In 1994 BYTE Magazine ran the first big cover story on cloud computing: The Network with Smarts. Although we included a sidebar called Don't Write Off The Internet, which noted that the newly-minted Secure Hypertext Transfer Protocol might be an enabler of electronic commerce, our story wasn't about the Internet. Rather it was about AT&T's PersonaLink and IBM's Intelligent Communications. Both were networks based on the sorts of agents that science fiction had taught us to expect. Our agents would watch us, learn our patterns, help us manage our data, and negotiate with agents representing other people and organizations.
Tellingly the word advertising appears nowhere in that story. Customers weren't going to be the product; they wouldn't submit to surveillance in exchange for the use of free services. Instead they'd subscribe to paid services that would enable them to be more powerful actors in a connected world.
The story hasn't played out that way, at least not yet. The cloud platform has become a real option for companies needing managed pay-as-you-use IT capacity. But you have to squint hard to see the emerging personal cloud. That future is already here, as William Gibson would say, but it's unevenly distributed.
I see signs of the personal cloud in services like Dropbox, Evernote, and Flickr. You can use them for free, or you can pay for higher capacity and enhanced customer service. But the personal cloud also arises from a way of thinking about, and using, any of the services the web provides.
Consider the case of a friend's mother-in-law, an author with a new website who wondered about its promotional reach. My friend ran some searches for her name on Twitter and Google, then loaded the RSS feeds for those queries into Google Reader. "Voila!" he said. "Her personal PR aggregation network was born. She didn't know it was possible. It's like having personal agents watching everything that goes on and sending you the information."
Five years ago I retired from the tech punditocracy. Nowadays I work for Microsoft, using its enterprise cloud to bootstrap one particular kind of personal cloud: a calendar system that will empower my friend's mother-in-law to promote her book tours in the same way that his PR aggregator empowers her to monitor her web presence.

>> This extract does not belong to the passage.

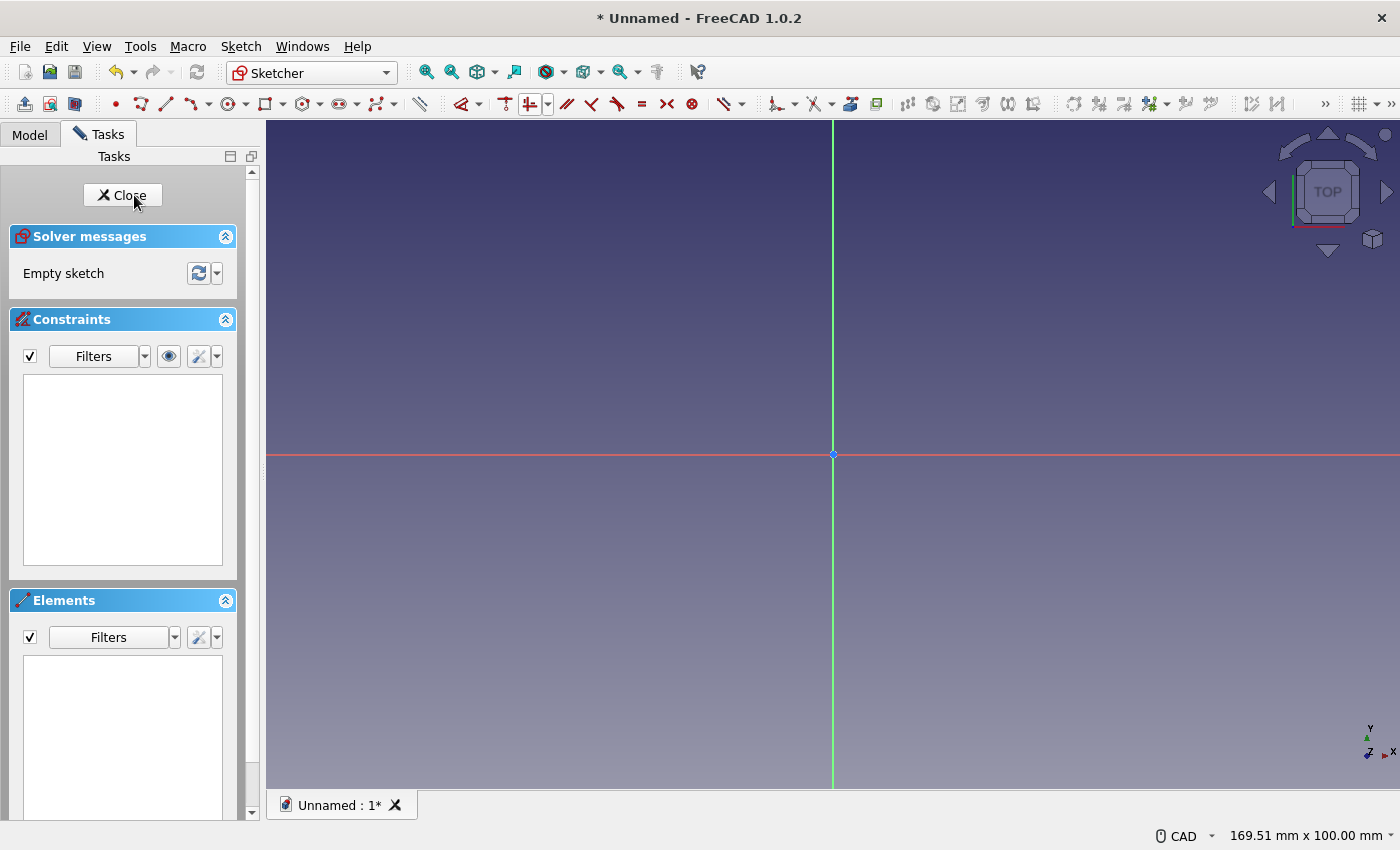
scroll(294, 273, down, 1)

My calendar project explores themes central to a larger vision of the personal cloud. It's partly about cloud services that we use -- sometimes for free, sometimes as subscribers. But it's also about a set of principles that govern how the web works, and a way of thinking that enables us to make the web work for us. We can all be web thinkers and web makers. In this column, on most Fridays, I'll view the evolving cloudscape through that lens.